Vergangene Woche gab es in Riehen einen Grund zum Feiern: Der UHC Riehen wurde 35 Jahre alt. Am Dienstagabend versammelten sich junge und erfahrene, aktive und passive Mitglieder des Vereins im Landgasthof, um den Geburtstag gemeinsam zu feiern. Bei Speis und Trank liess man vergessene Erinnerungen wieder aufleben und konnte von den Gründungsmitgliedern des Vereins Gerüchte um die sagenumwobene Gründungsnacht überprüfen lassen. Mit Thomas Baier eröffnete ein solches Gründungsmitglied den Anlass offiziell mit einer Rede. Anhand verschiedenster Artefakte aus den ersten Kapiteln der Vereinsgeschichte blickte er sowohl auf die Entwicklung des Vereins als auch auf die des Unihockeysports in der Region Basel zurück. Eingestimmt auf eine Geschichtsstunde und gesättigt von einem reichhaltigen Apéro strömten die Anwesenden in den Parksaal. Dort erwarteten Moderator Joris Fricker und illustre Podiumsgäste das Publikum.
Vereinslegenden Susanne Hubler, Florian Mathys und Thierry Meister schwelgten in Erinnerungen über die Vereinsgeschichte und ihre persönlichen Erlebnisse. Fricker sprach mit den UHC Riehen Urgesteinen über die Entwicklung des Sports, des Vereins und die Highlights ihrer Sportkarrieren. Gebannt lauschten die Anwesenden den Erzählungen über den legendären «Schiebeschlagschuss», Banden aus Massivholz und fragwürdige Entscheidungen bei der Trikotgestaltung. Dabei stellte sich unter anderem heraus, dass sich der Sport in diesen dreieinhalb Jahrzehnten stark verändert hat. So war man zu Anfangszeiten froh, wenn der Ball überhaupt den Boden verliess, während die jungen Spieler:innen heutzutage damit wetteiferten, wer die gekrümmteste Schaufel am Stock vorweisen kann. Eine weitere Veränderung betraf die Trikotgestaltung. In den ersten Jahren hatte jedes Team innerhalb des Vereins komplette Gestaltungsfreiheit bei seinem eigenen Trikotsatz. Mit dem gewonnenen legendären Trikotsponsor «Sam’s Pizzaland» fand diese Praxis ihr Ende, seitdem gehen die Teams des UHC Riehen in einem einheitlichen Trikot auf Punktejagd.

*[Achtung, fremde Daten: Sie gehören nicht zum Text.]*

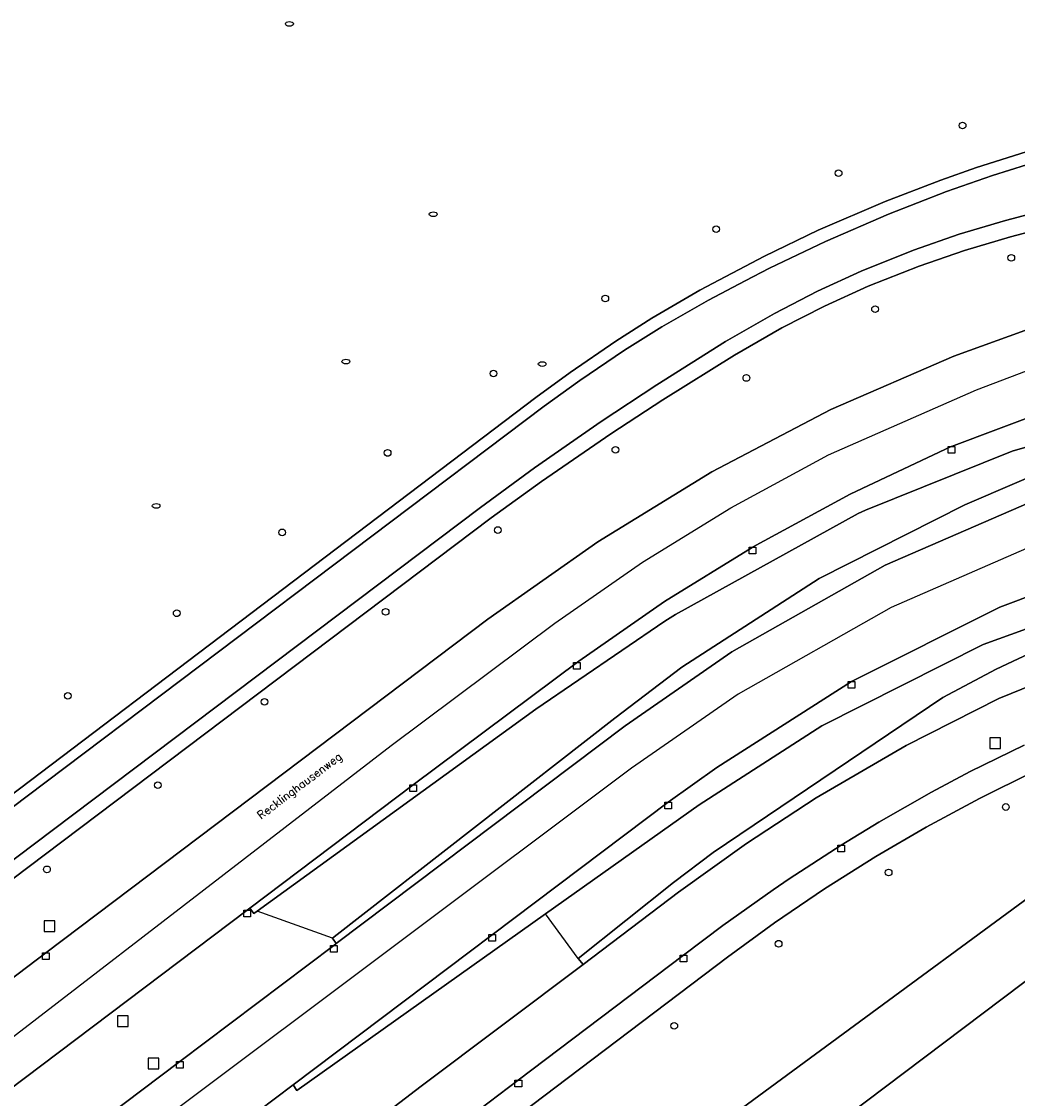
# Model space of a CAD drawing. Header units: metres. Extents: x 108000 to 109000, y 423000 to 423600.
# Tile 76 of 88: x 108616 to 108691, y 423426 to 423506. Entities that reach past the tile are written whole.
import ezdxf

# ---------------------------------------------------------------- set-up
doc = ezdxf.new("R2010")
doc.units = ezdxf.units.M
doc.header["$MEASUREMENT"] = 0
for name, color, linetype in [('brandkraan _ -put', 10, 'Continuous'), ('Erf', 10, 'Continuous'), ('Fietspad', 10, 'Continuous'), ('groenvoorziening', 10, 'Continuous'), ('Hek', 10, 'Continuous'), ('inspectie- _rioolput', 10, 'Continuous'), ('kolk', 10, 'Continuous'), ('loofbos', 10, 'Continuous'), ('oever_ slootkant', 10, 'Continuous'), ('open verharding', 10, 'Continuous'), ('Openbare_ruimtenaam', 10, 'Continuous'), ('rijbaan lokale weg', 10, 'Continuous'), ('vegetatieobject', 10, 'Continuous'), ('Voetpad', 10, 'Continuous'), ('waterloop_ sloot', 10, 'Continuous')]:
    doc.layers.add(name, color=color, linetype=linetype)
doc.styles.get("Standard").update_dxf_attribs({"font": 'txt.shx'})

msp = doc.modelspace()

# ---------------------------------------------------------------- linework, layer by layer
at = {"layer": 'brandkraan _ -put', "color": 5}
for centre in [(108636.199, 423506.299), (108646.977, 423492.044), (108640.435, 423481.006), (108655.135, 423480.826), (108626.226, 423470.193)]:
    msp.add_ellipse(centre, major_axis=(0.3, 0), ratio=0.583333, dxfattribs=at)
at = {"layer": 'Erf', "color": 52, "true_color": 0xd2d200}
msp.add_lwpolyline([(108708.7, 423447.679), (108641.23, 423396.806), (108643.905, 423393.35), (108669.182, 423412.537), (108684.684, 423392.063), (108690.95, 423396.807), (108722.793, 423420.919), (108722.96, 423421.045)], dxfattribs=at)
at = {"layer": 'Fietspad', "color": 255}
for points in [[(108826.77, 423483.905), (108826.77, 423483.905), (108819.548, 423482.123), (108811.677, 423480.44), (108803.919, 423478.909), (108796.499, 423477.56), (108764.959, 423472.379), (108719.969, 423465.299), (108712.893, 423463.774), (108705.86, 423461.869), (108697.507, 423459.081), (108697.296, 423458.995), (108689.349, 423455.769), (108682.399, 423452.25), (108675.669, 423448.329), (108670.437, 423444.908), (108665.359, 423441.259), (108658.193, 423435.866), (108646.079, 423426.75), (108625.955, 423411.338)], [(108615.029, 423398.195), (108616.248, 423399.134), (108630.148, 423409.643), (108641.748, 423418.413), (108653.348, 423427.183), (108665.732, 423436.545), (108668.675, 423438.762), (108672.432, 423441.448), (108673.649, 423442.277), (108677.54, 423444.798), (108680.352, 423446.516), (108684.304, 423448.767), (108687.193, 423450.297), (108691.25, 423452.288)]]:
    msp.add_lwpolyline(points, dxfattribs=at)
at = {"layer": 'groenvoorziening', "color": 3}
for p, q in [((108639.432, 423437.817), (108633.778, 423439.858)), ((108657.841, 423436.297), (108655.387, 423439.644))]:
    msp.add_line(p, q, dxfattribs=at)
for points in [[(108593.887, 423432.278), (108654.649, 423478.309), (108657.224, 423480.198), (108660.66, 423482.543), (108663.359, 423484.248), (108666.949, 423486.349), (108671.785, 423488.911), (108675.803, 423490.838), (108680.829, 423493.002), (108684.989, 423494.599), (108687.666, 423495.534), (108691.867, 423496.862)], [(108694.121, 423491.362), (108690.209, 423490.339), (108686.764, 423489.326), (108683.368, 423488.161), (108679.562, 423486.649), (108676.294, 423485.162), (108673.095, 423483.532), (108669.539, 423481.5), (108664.181, 423478.155), (108660.288, 423475.603), (108655.085, 423472.022), (108651.309, 423469.299), (108619.145, 423445.042), (108596.069, 423427.639)], [(108605.586, 423427.364), (108617.959, 423436.729), (108651.069, 423461.719), (108659.294, 423467.52), (108667.847, 423472.762), (108676.755, 423477.419), (108685.969, 423481.423), (108695.428, 423484.825)], [(108701.429, 423477.503), (108690.333, 423474.306), (108679.353, 423469.875), (108678.798, 423469.621), (108665.112, 423462.067), (108664.312, 423461.558), (108654.647, 423454.986), (108633.778, 423439.858)], [(108639.432, 423437.817), (108639.563, 423437.919), (108660.583, 423454.294), (108665.607, 423458.132), (108675.888, 423464.765), (108686.801, 423470.284), (108698.315, 423475.218)], [(108700.256, 423464.196), (108688.173, 423459.816), (108676.075, 423453.718), (108666.901, 423447.817), (108655.387, 423439.644)], [(108657.841, 423436.297), (108664.981, 423441.998), (108667.937, 423444.233), (108685.155, 423455.846), (108689.151, 423457.981), (108694.515, 423460.503)], [(108691.959, 423450.305), (108687.894, 423448.297), (108683.893, 423446.144), (108680.136, 423443.952), (108676.293, 423441.528), (108672.538, 423438.97), (108669.029, 423436.399), (108616.75, 423396.849), (108620.788, 423391.293), (108622.293, 423389.296), (108662.507, 423419.514), (108707.68, 423452.715)], [(108633.778, 423439.858), (108633.528, 423439.677), (108633.225, 423440.074), (108633.035, 423439.931), (108604.782, 423418.638), (108604.014, 423417.962), (108603.538, 423417.474), (108590.964, 423404.59), (108592.969, 423402.235), (108599.283, 423406.983), (108607.942, 423413.495), (108614.038, 423418.086), (108627.979, 423428.586), (108639.532, 423437.287), (108639.706, 423437.418), (108639.432, 423437.817)], [(108655.387, 423439.644), (108636.76, 423426.423), (108636.468, 423426.843), (108631.19, 423422.838), (108629.708, 423421.595), (108628.503, 423420.526), (108626.172, 423418.3), (108625.05, 423417.144), (108623.741, 423415.721), (108622.593, 423414.4), (108621.951, 423413.593), (108621.146, 423412.305), (108620.481, 423410.939), (108619.963, 423409.511), (108619.621, 423408.155), (108619.732, 423407.998), (108621.075, 423408.832), (108622.678, 423409.742), (108624.318, 423410.583), (108625.955, 423411.338), (108646.079, 423426.75), (108658.193, 423435.866), (108657.841, 423436.297)]]:
    msp.add_lwpolyline(points, dxfattribs=at)
at = {"layer": 'Hek', "color": 30}
msp.add_lwpolyline([(108643.905, 423393.35), (108641.23, 423396.806), (108708.7, 423447.679), (108726.885, 423423.918), (108722.96, 423421.045)], dxfattribs=at)
at = {"layer": 'inspectie- _rioolput', "color": 30}
for p, q in [((108689.479, 423452.839), (108688.679, 423452.839)), ((108688.679, 423452.839), (108688.679, 423452.039)), ((108689.479, 423452.039), (108689.479, 423452.839)), ((108688.679, 423452.039), (108689.479, 423452.039)), ((108618.619, 423439.129), (108617.819, 423439.129)), ((108617.819, 423439.129), (108617.819, 423438.329)), ((108618.619, 423438.329), (108618.619, 423439.129)), ((108617.819, 423438.329), (108618.619, 423438.329)), ((108624.119, 423431.999), (108623.319, 423431.999)), ((108623.319, 423431.999), (108623.319, 423431.199)), ((108624.119, 423431.199), (108624.119, 423431.999)), ((108623.319, 423431.199), (108624.119, 423431.199)), ((108626.429, 423428.829), (108625.629, 423428.829)), ((108625.629, 423428.829), (108625.629, 423428.029)), ((108626.429, 423428.029), (108626.429, 423428.829)), ((108625.629, 423428.029), (108626.429, 423428.029))]:
    msp.add_line(p, q, dxfattribs=at)
at = {"layer": 'kolk', "color": 30, "true_color": 0xf07a00}
for p, q in [((108685.538, 423474.144), (108685.538, 423474.644)), ((108685.538, 423474.644), (108686.038, 423474.644)), ((108686.038, 423474.644), (108686.038, 423474.144)), ((108686.038, 423474.144), (108685.538, 423474.144)), ((108670.636, 423466.599), (108670.636, 423467.099)), ((108670.636, 423467.099), (108671.136, 423467.099)), ((108671.136, 423467.099), (108671.136, 423466.599)), ((108671.136, 423466.599), (108670.636, 423466.599)), ((108657.475, 423457.972), (108657.475, 423458.472)), ((108657.475, 423458.472), (108657.975, 423458.472)), ((108657.975, 423458.472), (108657.975, 423457.972)), ((108657.975, 423457.972), (108657.475, 423457.972)), ((108678.06, 423456.558), (108678.06, 423457.058)), ((108678.06, 423457.058), (108678.56, 423457.058)), ((108678.56, 423456.558), (108678.06, 423456.558)), ((108678.56, 423457.058), (108678.56, 423456.558)), ((108645.209, 423448.799), (108645.209, 423449.299)), ((108645.209, 423449.299), (108645.709, 423449.299)), ((108645.709, 423449.299), (108645.709, 423448.799)), ((108645.709, 423448.799), (108645.209, 423448.799)), ((108664.313, 423447.521), (108664.313, 423448.021)), ((108664.313, 423448.021), (108664.813, 423448.021)), ((108664.813, 423448.021), (108664.813, 423447.521)), ((108664.813, 423447.521), (108664.313, 423447.521)), ((108677.29, 423444.298), (108677.29, 423444.798)), ((108677.29, 423444.798), (108677.79, 423444.798)), ((108677.79, 423444.798), (108677.79, 423444.298)), ((108677.79, 423444.298), (108677.29, 423444.298)), ((108632.785, 423439.431), (108632.785, 423439.931)), ((108632.785, 423439.931), (108633.285, 423439.931)), ((108633.285, 423439.931), (108633.285, 423439.431)), ((108633.285, 423439.431), (108632.785, 423439.431)), ((108651.142, 423437.593), (108651.142, 423438.093)), ((108651.142, 423438.093), (108651.642, 423438.093)), ((108651.642, 423438.093), (108651.642, 423437.593)), ((108639.282, 423436.787), (108639.282, 423437.287)), ((108639.282, 423437.287), (108639.782, 423437.287)), ((108639.782, 423437.287), (108639.782, 423436.787)), ((108651.642, 423437.593), (108651.142, 423437.593)), ((108617.709, 423436.229), (108617.709, 423436.729)), ((108617.709, 423436.729), (108618.209, 423436.729)), ((108618.209, 423436.729), (108618.209, 423436.229)), ((108639.782, 423436.787), (108639.282, 423436.787)), ((108665.482, 423436.045), (108665.482, 423436.545)), ((108665.482, 423436.545), (108665.982, 423436.545)), ((108665.982, 423436.545), (108665.982, 423436.045)), ((108618.209, 423436.229), (108617.709, 423436.229)), ((108665.982, 423436.045), (108665.482, 423436.045)), ((108627.729, 423428.086), (108627.729, 423428.586)), ((108627.729, 423428.586), (108628.229, 423428.586)), ((108628.229, 423428.586), (108628.229, 423428.086)), ((108628.229, 423428.086), (108627.729, 423428.086)), ((108653.098, 423426.683), (108653.098, 423427.183)), ((108653.098, 423427.183), (108653.598, 423427.183)), ((108653.598, 423426.683), (108653.098, 423426.683)), ((108653.598, 423427.183), (108653.598, 423426.683))]:
    msp.add_line(p, q, dxfattribs=at)
at = {"layer": 'loofbos', "color": 94, "true_color": 0x009600}
msp.add_lwpolyline([(108813.735, 423437.295), (108813.235, 423437.965), (108793.631, 423464.234), (108790.027, 423465.724), (108707.68, 423452.715), (108662.507, 423419.514), (108622.293, 423389.296), (108625.77, 423384.683), (108628.808, 423387.017), (108632.807, 423390.073), (108641.23, 423396.806), (108708.7, 423447.679), (108755.523, 423455.099), (108758.022, 423455.365), (108757.999, 423455.611), (108790.39, 423460.733), (108800.365, 423447.573)], dxfattribs=at)
at = {"layer": 'oever_ slootkant', "color": 92, "true_color": 0x00c300}
for points in [[(108691.867, 423496.862), (108687.666, 423495.534), (108684.989, 423494.599), (108680.829, 423493.002), (108675.803, 423490.838), (108671.785, 423488.911), (108666.949, 423486.349), (108663.359, 423484.248), (108660.66, 423482.543), (108657.224, 423480.198), (108654.649, 423478.309), (108593.887, 423432.278)], [(108594.329, 423431.696), (108616.545, 423448.449), (108655.279, 423477.659), (108657.947, 423479.603), (108661.295, 423481.863), (108664.096, 423483.608), (108667.599, 423485.619), (108670.347, 423487.055), (108672.153, 423487.999), (108676.365, 423490.011), (108681.081, 423492.051), (108685.429, 423493.75), (108688.864, 423494.951), (108692.697, 423496.13)], [(108694.296, 423492.755), (108689.849, 423491.579), (108686.38, 423490.543), (108682.96, 423489.355), (108679.041, 423487.78), (108675.75, 423486.27), (108672.53, 423484.616), (108668.869, 423482.509), (108663.722, 423479.277), (108659.549, 423476.515), (108654.559, 423473.045), (108650.519, 423470.089), (108618.432, 423445.89), (108595.479, 423428.579)], [(108596.069, 423427.639), (108619.145, 423445.042), (108651.309, 423469.299), (108655.085, 423472.022), (108660.288, 423475.603), (108664.181, 423478.155), (108669.539, 423481.5), (108673.095, 423483.532), (108676.294, 423485.162), (108679.562, 423486.649), (108683.368, 423488.161), (108686.764, 423489.326), (108690.209, 423490.339), (108694.121, 423491.362)]]:
    msp.add_lwpolyline(points, dxfattribs=at)
at = {"layer": 'open verharding', "color": 255}
for points in [[(108700.256, 423464.196), (108709.931, 423467.455), (108721.593, 423470.16), (108739.717, 423473.598), (108748.893, 423475.269), (108785.259, 423481.319), (108785.002, 423481.699), (108718.902, 423471.121), (108707.113, 423468.699), (108706.502, 423468.548), (108700.971, 423466.954), (108698.991, 423466.212), (108689.419, 423462.623), (108678.31, 423457.058), (108668.213, 423450.6), (108664.563, 423448.021), (108636.468, 423426.843), (108636.76, 423426.423), (108655.387, 423439.644), (108666.901, 423447.817), (108676.075, 423453.718), (108688.173, 423459.816), (108700.256, 423464.196)], [(108693.047, 423477.364), (108685.788, 423474.644), (108685.77, 423474.637), (108678.217, 423471.082), (108670.886, 423467.099), (108670.853, 423467.081), (108664.287, 423463.03), (108657.869, 423458.579), (108645.459, 423449.299), (108633.225, 423440.074), (108633.528, 423439.677), (108633.778, 423439.858), (108654.647, 423454.986), (108664.312, 423461.558), (108665.112, 423462.067), (108678.798, 423469.621), (108679.353, 423469.875), (108690.333, 423474.306), (108701.429, 423477.503)], [(108698.315, 423475.218), (108686.801, 423470.284), (108675.888, 423464.765), (108665.607, 423458.132), (108660.583, 423454.294), (108639.563, 423437.919), (108639.432, 423437.817), (108639.706, 423437.418), (108661.363, 423453.727), (108669.353, 423459.263), (108680.825, 423465.754), (108692.915, 423471.011)], [(108694.515, 423460.503), (108689.151, 423457.981), (108685.155, 423455.846), (108667.937, 423444.233), (108664.981, 423441.998), (108657.841, 423436.297), (108658.193, 423435.866), (108665.359, 423441.259), (108670.437, 423444.908), (108675.669, 423448.329), (108682.399, 423452.25), (108689.349, 423455.769), (108697.296, 423458.995)]]:
    msp.add_lwpolyline(points, dxfattribs=at)
at = {"layer": 'rijbaan lokale weg', "color": 255}
for points in [[(108695.428, 423484.825), (108685.969, 423481.423), (108676.755, 423477.419), (108667.847, 423472.762), (108659.294, 423467.52), (108651.069, 423461.719), (108617.959, 423436.729), (108605.586, 423427.364), (108600.79, 423423.646), (108597.426, 423421.103), (108577.986, 423406.436), (108571.359, 423401.958), (108564.444, 423397.939), (108557.28, 423394.382), (108553.648, 423392.798), (108550.095, 423391.374), (108549.766, 423391.258), (108549.577, 423391.191), (108549.023, 423390.996), (108548.37, 423390.766), (108548.181, 423390.7), (108546.158, 423390.019)], [(108547.325, 423386.853), (108547.365, 423386.867), (108549.235, 423387.497), (108549.425, 423387.561), (108549.607, 423387.622), (108550.301, 423387.866), (108550.631, 423387.983), (108550.819, 423388.05), (108551.702, 423388.361), (108556.017, 423390.091), (108563.259, 423393.396), (108570.306, 423397.18), (108577.077, 423401.437), (108580.355, 423403.729), (108603.211, 423420.998), (108643.825, 423452.251), (108656.091, 423461.424), (108662.653, 423465.982), (108669.266, 423470.059), (108676.583, 423474.034), (108687.675, 423478.891), (108691.413, 423480.316)], [(108604.014, 423417.962), (108604.782, 423418.638), (108633.035, 423439.931), (108633.225, 423440.074), (108645.459, 423449.299), (108657.869, 423458.579), (108664.287, 423463.03), (108670.853, 423467.081), (108670.886, 423467.099), (108678.217, 423471.082), (108685.77, 423474.637), (108685.788, 423474.644), (108693.047, 423477.364)], [(108692.915, 423471.011), (108680.825, 423465.754), (108669.353, 423459.263), (108661.363, 423453.727), (108639.706, 423437.418), (108639.532, 423437.287), (108627.979, 423428.586), (108614.038, 423418.086), (108607.942, 423413.495), (108599.283, 423406.983), (108592.969, 423402.235), (108591.089, 423400.821), (108585.92, 423397.307), (108573.663, 423389.659), (108569.896, 423387.457), (108560.801, 423383.017), (108555.319, 423380.682), (108550.399, 423378.811), (108550.447, 423378.607), (108550.408, 423378.595)], [(108693.366, 423467.852), (108681.276, 423462.595), (108669.804, 423456.104), (108661.814, 423450.568), (108609.531, 423411.385), (108586.952, 423394.325), (108583.674, 423392.033), (108580.325, 423389.847), (108576.903, 423387.776), (108573.41, 423385.828), (108569.856, 423383.992), (108566.246, 423382.271), (108562.614, 423380.687), (108554.322, 423376.833), (108551.428, 423375.813)], [(108552.494, 423372.706), (108554.382, 423373.416), (108555.384, 423373.823), (108560.838, 423375.874), (108560.896, 423375.896), (108560.864, 423375.98), (108564.132, 423377.404), (108567.345, 423378.908), (108570.524, 423380.501), (108573.678, 423382.185), (108573.725, 423382.21), (108577.069, 423384.086), (108580.372, 423386.034), (108583.619, 423388.045), (108586.855, 423390.133), (108614.58, 423410.364), (108619.973, 423414.415), (108631.19, 423422.838), (108636.468, 423426.843), (108664.563, 423448.021), (108668.213, 423450.6), (108678.31, 423457.058), (108689.419, 423462.623), (108698.991, 423466.212)]]:
    msp.add_lwpolyline(points, dxfattribs=at)
at = {"layer": 'vegetatieobject', "color": 3}
for centre in [(108686.632, 423498.682), (108677.341, 423495.113), (108668.174, 423490.927), (108690.279, 423488.779), (108659.864, 423485.735), (108680.069, 423484.939), (108651.49, 423480.11), (108670.429, 423479.779), (108643.559, 423474.164), (108660.619, 423474.399), (108651.819, 423468.389), (108635.651, 423468.216), (108627.755, 423462.158), (108643.409, 423462.269), (108619.597, 423455.975), (108634.339, 423455.519), (108626.339, 423449.289), (108689.869, 423447.649), (108618.039, 423442.979), (108681.089, 423442.75), (108672.849, 423437.409), (108665.029, 423431.259)]:
    msp.add_circle(centre, 0.25, dxfattribs=at)
at = {"layer": 'Voetpad', "color": 255}
for points in [[(108625.571, 423384.532), (108625.77, 423384.683), (108622.293, 423389.296), (108620.788, 423391.293), (108616.75, 423396.849), (108669.029, 423436.399), (108672.538, 423438.97), (108676.293, 423441.528), (108680.136, 423443.952), (108683.893, 423446.144), (108687.894, 423448.297), (108691.959, 423450.305), (108694.682, 423451.545), (108698.528, 423453.146), (108702.432, 423454.598), (108706.34, 423455.882), (108709.251, 423456.735), (108713.286, 423457.772), (108717.357, 423458.654), (108721.459, 423459.379), (108757.209, 423465.008), (108759.211, 423465.323), (108792.576, 423470.732), (108792.1, 423471.194)], [(108691.25, 423452.288), (108687.193, 423450.297), (108684.304, 423448.767), (108680.352, 423446.516), (108677.54, 423444.798), (108673.649, 423442.277), (108672.432, 423441.448), (108668.675, 423438.762), (108665.732, 423436.545), (108653.348, 423427.183), (108641.748, 423418.413), (108630.148, 423409.643), (108616.248, 423399.134), (108615.029, 423398.195)]]:
    msp.add_lwpolyline(points, dxfattribs=at)
at = {"layer": 'waterloop_ sloot', "color": 5}
for points in [[(108692.697, 423496.13), (108688.864, 423494.951), (108685.429, 423493.75), (108681.081, 423492.051), (108676.365, 423490.011), (108672.153, 423487.999), (108670.347, 423487.055), (108667.599, 423485.619), (108664.096, 423483.608), (108661.295, 423481.863), (108657.947, 423479.603), (108655.279, 423477.659), (108616.545, 423448.449), (108594.329, 423431.696)], [(108595.479, 423428.579), (108618.432, 423445.89), (108650.519, 423470.089), (108654.559, 423473.045), (108659.549, 423476.515), (108663.722, 423479.277), (108668.869, 423482.509), (108672.53, 423484.616), (108675.75, 423486.27), (108679.041, 423487.78), (108682.96, 423489.355), (108686.38, 423490.543), (108689.849, 423491.579), (108694.296, 423492.755)]]:
    msp.add_lwpolyline(points, dxfattribs=at)

# ---------------------------------------------------------------- texts
at = {"layer": 'Openbare_ruimtenaam', "color": 255}
msp.add_text('Recklinghausenweg', height=0.6, rotation=37, dxfattribs=at).set_placement((108634.07, 423446.699))

doc.saveas('drawing.dxf')

Neben den erfahrenen Mitgliedern kamen auch die Jüngsten zu Wort. In voraufgezeichneten Interviews, beantworteten die Junioren des UHC Riehen die Fragen, die Joris Fricker bereits den Podiumsgäste gestellt hatte. Von altbekannten Unihockey-Weisheiten (Nach einem erzielten Tor hat höchstens ein kleiner Jubel zu folgen.) bis zu innovativen Ansätzen (Ein anständiger Stock braucht eine goldene Schaufel.), war unter den Antworten der jungen Unihockeyaner:innen alles dabei.
Nach dem multimedialen Podiumsgespräch eröffnete Fricker die Fragerunde. Darin wurde unter anderem darüber diskutiert, wie sich denn die Unihockey-Terminologie in den letzten 35 Jahren verändert habe. Ein eindeutiger Trend zu Anglizismen wurde festgestellt, welcher in den Trainings für das ein oder andere Missverständnis sorgte.
In der Stube des Landgasthofs liess man den Abend locker ausklingen. Jung und Alt waren sich einig: So darf es auch die nächsten 35 Jahre weitergehen.